(Collected data entries)
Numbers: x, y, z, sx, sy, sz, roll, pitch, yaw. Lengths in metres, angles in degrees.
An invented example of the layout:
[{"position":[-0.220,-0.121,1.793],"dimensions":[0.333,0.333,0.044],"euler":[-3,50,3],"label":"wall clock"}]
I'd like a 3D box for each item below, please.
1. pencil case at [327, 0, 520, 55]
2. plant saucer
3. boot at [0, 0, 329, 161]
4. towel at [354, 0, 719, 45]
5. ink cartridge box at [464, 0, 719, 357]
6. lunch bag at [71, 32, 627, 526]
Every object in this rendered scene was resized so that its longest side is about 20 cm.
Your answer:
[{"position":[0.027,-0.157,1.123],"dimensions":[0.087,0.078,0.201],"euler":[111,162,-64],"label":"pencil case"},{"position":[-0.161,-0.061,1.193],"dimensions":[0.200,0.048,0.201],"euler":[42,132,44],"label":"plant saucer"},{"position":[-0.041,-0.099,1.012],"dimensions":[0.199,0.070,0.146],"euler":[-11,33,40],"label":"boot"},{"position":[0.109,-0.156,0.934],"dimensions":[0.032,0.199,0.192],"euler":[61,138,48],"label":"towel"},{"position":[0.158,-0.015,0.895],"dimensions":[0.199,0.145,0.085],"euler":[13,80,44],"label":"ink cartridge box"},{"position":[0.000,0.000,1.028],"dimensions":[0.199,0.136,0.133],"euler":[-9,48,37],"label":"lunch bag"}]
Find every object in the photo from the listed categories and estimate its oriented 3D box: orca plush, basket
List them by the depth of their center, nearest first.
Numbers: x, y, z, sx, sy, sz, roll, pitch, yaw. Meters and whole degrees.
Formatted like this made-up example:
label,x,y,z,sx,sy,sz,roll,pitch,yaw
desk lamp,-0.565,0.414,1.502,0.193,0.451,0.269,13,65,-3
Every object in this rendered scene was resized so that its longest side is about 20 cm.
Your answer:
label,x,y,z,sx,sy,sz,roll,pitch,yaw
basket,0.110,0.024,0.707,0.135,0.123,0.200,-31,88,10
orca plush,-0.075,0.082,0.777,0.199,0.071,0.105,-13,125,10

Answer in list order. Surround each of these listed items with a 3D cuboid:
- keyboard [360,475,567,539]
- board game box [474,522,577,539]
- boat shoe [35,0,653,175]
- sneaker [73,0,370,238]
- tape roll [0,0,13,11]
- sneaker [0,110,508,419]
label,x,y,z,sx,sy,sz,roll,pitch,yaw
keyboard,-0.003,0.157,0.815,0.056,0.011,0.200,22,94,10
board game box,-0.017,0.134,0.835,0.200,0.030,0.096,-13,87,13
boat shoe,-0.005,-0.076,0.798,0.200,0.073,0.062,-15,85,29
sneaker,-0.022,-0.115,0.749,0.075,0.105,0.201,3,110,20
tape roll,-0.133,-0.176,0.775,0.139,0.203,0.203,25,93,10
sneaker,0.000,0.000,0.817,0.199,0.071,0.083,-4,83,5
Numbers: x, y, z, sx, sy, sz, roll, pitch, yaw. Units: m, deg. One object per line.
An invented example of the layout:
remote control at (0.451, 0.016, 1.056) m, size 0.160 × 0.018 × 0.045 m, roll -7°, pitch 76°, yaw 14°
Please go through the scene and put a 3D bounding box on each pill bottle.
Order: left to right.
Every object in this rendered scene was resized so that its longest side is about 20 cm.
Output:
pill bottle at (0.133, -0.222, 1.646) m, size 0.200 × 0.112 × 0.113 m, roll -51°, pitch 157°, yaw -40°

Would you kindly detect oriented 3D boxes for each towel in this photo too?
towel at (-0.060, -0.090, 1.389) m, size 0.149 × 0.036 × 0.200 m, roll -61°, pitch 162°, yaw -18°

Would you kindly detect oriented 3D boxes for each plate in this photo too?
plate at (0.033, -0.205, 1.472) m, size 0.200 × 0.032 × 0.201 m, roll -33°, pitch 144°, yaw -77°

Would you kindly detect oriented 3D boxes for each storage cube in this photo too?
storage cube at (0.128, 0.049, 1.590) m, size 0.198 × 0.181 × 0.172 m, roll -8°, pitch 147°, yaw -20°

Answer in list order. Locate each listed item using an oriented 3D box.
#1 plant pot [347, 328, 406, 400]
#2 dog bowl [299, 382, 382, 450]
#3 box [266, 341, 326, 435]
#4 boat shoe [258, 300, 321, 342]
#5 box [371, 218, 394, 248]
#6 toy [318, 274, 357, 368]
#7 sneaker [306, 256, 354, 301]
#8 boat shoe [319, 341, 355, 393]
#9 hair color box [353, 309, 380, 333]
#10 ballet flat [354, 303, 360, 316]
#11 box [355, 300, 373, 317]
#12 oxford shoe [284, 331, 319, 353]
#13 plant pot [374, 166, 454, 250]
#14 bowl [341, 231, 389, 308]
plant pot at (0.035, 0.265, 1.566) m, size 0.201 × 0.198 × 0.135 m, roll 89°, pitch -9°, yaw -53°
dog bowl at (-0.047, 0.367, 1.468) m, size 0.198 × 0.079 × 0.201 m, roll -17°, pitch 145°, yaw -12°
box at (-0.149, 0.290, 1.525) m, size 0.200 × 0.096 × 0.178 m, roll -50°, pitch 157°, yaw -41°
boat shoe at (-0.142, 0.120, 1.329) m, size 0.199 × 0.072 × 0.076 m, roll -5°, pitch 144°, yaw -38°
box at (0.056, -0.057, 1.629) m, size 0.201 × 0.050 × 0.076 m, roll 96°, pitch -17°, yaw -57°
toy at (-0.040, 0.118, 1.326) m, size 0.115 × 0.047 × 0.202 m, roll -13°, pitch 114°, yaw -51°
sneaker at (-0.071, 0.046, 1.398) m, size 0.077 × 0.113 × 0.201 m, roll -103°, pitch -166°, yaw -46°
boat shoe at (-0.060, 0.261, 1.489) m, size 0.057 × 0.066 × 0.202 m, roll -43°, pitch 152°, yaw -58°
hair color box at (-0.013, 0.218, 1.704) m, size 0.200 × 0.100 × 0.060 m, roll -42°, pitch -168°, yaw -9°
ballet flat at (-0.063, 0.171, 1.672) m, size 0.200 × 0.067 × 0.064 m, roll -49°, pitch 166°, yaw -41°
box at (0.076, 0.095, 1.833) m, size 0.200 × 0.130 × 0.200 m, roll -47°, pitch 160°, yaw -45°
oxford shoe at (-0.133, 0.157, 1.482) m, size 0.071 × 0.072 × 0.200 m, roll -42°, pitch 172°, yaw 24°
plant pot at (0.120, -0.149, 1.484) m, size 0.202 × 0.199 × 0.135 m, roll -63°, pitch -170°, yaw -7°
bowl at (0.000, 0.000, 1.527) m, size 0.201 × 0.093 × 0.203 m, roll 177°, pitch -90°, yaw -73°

Task to carry out: Set down the data above once more so that nothing differs from the original.

Answer:
Numbers: x, y, z, sx, sy, sz, roll, pitch, yaw. Lengths in metres, angles in degrees.
An invented example of the layout:
[{"position":[-0.220,-0.121,1.793],"dimensions":[0.333,0.333,0.044],"euler":[-3,50,3],"label":"wall clock"}]
I'd like a 3D box for each item below, please.
1. pencil case at [327, 0, 520, 55]
2. plant saucer
3. boot at [0, 0, 329, 161]
4. towel at [354, 0, 719, 45]
5. ink cartridge box at [464, 0, 719, 357]
6. lunch bag at [71, 32, 627, 526]
Every object in this rendered scene was resized so that its longest side is about 20 cm.
Your answer:
[{"position":[0.027,-0.157,1.123],"dimensions":[0.087,0.078,0.201],"euler":[111,162,-64],"label":"pencil case"},{"position":[-0.161,-0.061,1.193],"dimensions":[0.200,0.048,0.201],"euler":[42,132,44],"label":"plant saucer"},{"position":[-0.041,-0.099,1.012],"dimensions":[0.199,0.070,0.146],"euler":[-11,33,40],"label":"boot"},{"position":[0.109,-0.156,0.934],"dimensions":[0.032,0.199,0.192],"euler":[61,138,48],"label":"towel"},{"position":[0.158,-0.015,0.895],"dimensions":[0.199,0.145,0.085],"euler":[13,80,44],"label":"ink cartridge box"},{"position":[0.000,0.000,1.028],"dimensions":[0.199,0.136,0.133],"euler":[-9,48,37],"label":"lunch bag"}]
Find every object in the photo from the listed categories and estimate its oriented 3D box: orca plush, basket
List them by the depth of their center, nearest first.
Numbers: x, y, z, sx, sy, sz, roll, pitch, yaw. Meters and whole degrees.
Formatted like this made-up example:
label,x,y,z,sx,sy,sz,roll,pitch,yaw
desk lamp,-0.565,0.414,1.502,0.193,0.451,0.269,13,65,-3
Every object in this rendered scene was resized so that its longest side is about 20 cm.
Your answer:
label,x,y,z,sx,sy,sz,roll,pitch,yaw
basket,0.110,0.024,0.707,0.135,0.123,0.200,-31,88,10
orca plush,-0.075,0.082,0.777,0.199,0.071,0.105,-13,125,10

Answer in list order. Surround each of these listed items with a 3D cuboid:
- keyboard [360,475,567,539]
- board game box [474,522,577,539]
- boat shoe [35,0,653,175]
- sneaker [73,0,370,238]
- tape roll [0,0,13,11]
- sneaker [0,110,508,419]
label,x,y,z,sx,sy,sz,roll,pitch,yaw
keyboard,-0.003,0.157,0.815,0.056,0.011,0.200,22,94,10
board game box,-0.017,0.134,0.835,0.200,0.030,0.096,-13,87,13
boat shoe,-0.005,-0.076,0.798,0.200,0.073,0.062,-15,85,29
sneaker,-0.022,-0.115,0.749,0.075,0.105,0.201,3,110,20
tape roll,-0.133,-0.176,0.775,0.139,0.203,0.203,25,93,10
sneaker,0.000,0.000,0.817,0.199,0.071,0.083,-4,83,5
Numbers: x, y, z, sx, sy, sz, roll, pitch, yaw. Units: m, deg. One object per line.
An invented example of the layout:
remote control at (0.451, 0.016, 1.056) m, size 0.160 × 0.018 × 0.045 m, roll -7°, pitch 76°, yaw 14°
Please go through the scene and put a 3D bounding box on each pill bottle.
Order: left to right.
Every object in this rendered scene was resized so that its longest side is about 20 cm.
Output:
pill bottle at (0.133, -0.222, 1.646) m, size 0.200 × 0.112 × 0.113 m, roll -51°, pitch 157°, yaw -40°

Would you kindly detect oriented 3D boxes for each towel in this photo too?
towel at (-0.060, -0.090, 1.389) m, size 0.149 × 0.036 × 0.200 m, roll -61°, pitch 162°, yaw -18°

Would you kindly detect oriented 3D boxes for each plate in this photo too?
plate at (0.033, -0.205, 1.472) m, size 0.200 × 0.032 × 0.201 m, roll -33°, pitch 144°, yaw -77°

Would you kindly detect oriented 3D boxes for each storage cube in this photo too?
storage cube at (0.128, 0.049, 1.590) m, size 0.198 × 0.181 × 0.172 m, roll -8°, pitch 147°, yaw -20°

Answer in list order. Locate each listed item using an oriented 3D box.
#1 plant pot [347, 328, 406, 400]
#2 dog bowl [299, 382, 382, 450]
#3 box [266, 341, 326, 435]
#4 boat shoe [258, 300, 321, 342]
#5 box [371, 218, 394, 248]
#6 toy [318, 274, 357, 368]
#7 sneaker [306, 256, 354, 301]
#8 boat shoe [319, 341, 355, 393]
#9 hair color box [353, 309, 380, 333]
#10 ballet flat [354, 303, 360, 316]
#11 box [355, 300, 373, 317]
#12 oxford shoe [284, 331, 319, 353]
#13 plant pot [374, 166, 454, 250]
#14 bowl [341, 231, 389, 308]
plant pot at (0.035, 0.265, 1.566) m, size 0.201 × 0.198 × 0.135 m, roll 89°, pitch -9°, yaw -53°
dog bowl at (-0.047, 0.367, 1.468) m, size 0.198 × 0.079 × 0.201 m, roll -17°, pitch 145°, yaw -12°
box at (-0.149, 0.290, 1.525) m, size 0.200 × 0.096 × 0.178 m, roll -50°, pitch 157°, yaw -41°
boat shoe at (-0.142, 0.120, 1.329) m, size 0.199 × 0.072 × 0.076 m, roll -5°, pitch 144°, yaw -38°
box at (0.056, -0.057, 1.629) m, size 0.201 × 0.050 × 0.076 m, roll 96°, pitch -17°, yaw -57°
toy at (-0.040, 0.118, 1.326) m, size 0.115 × 0.047 × 0.202 m, roll -13°, pitch 114°, yaw -51°
sneaker at (-0.071, 0.046, 1.398) m, size 0.077 × 0.113 × 0.201 m, roll -103°, pitch -166°, yaw -46°
boat shoe at (-0.060, 0.261, 1.489) m, size 0.057 × 0.066 × 0.202 m, roll -43°, pitch 152°, yaw -58°
hair color box at (-0.013, 0.218, 1.704) m, size 0.200 × 0.100 × 0.060 m, roll -42°, pitch -168°, yaw -9°
ballet flat at (-0.063, 0.171, 1.672) m, size 0.200 × 0.067 × 0.064 m, roll -49°, pitch 166°, yaw -41°
box at (0.076, 0.095, 1.833) m, size 0.200 × 0.130 × 0.200 m, roll -47°, pitch 160°, yaw -45°
oxford shoe at (-0.133, 0.157, 1.482) m, size 0.071 × 0.072 × 0.200 m, roll -42°, pitch 172°, yaw 24°
plant pot at (0.120, -0.149, 1.484) m, size 0.202 × 0.199 × 0.135 m, roll -63°, pitch -170°, yaw -7°
bowl at (0.000, 0.000, 1.527) m, size 0.201 × 0.093 × 0.203 m, roll 177°, pitch -90°, yaw -73°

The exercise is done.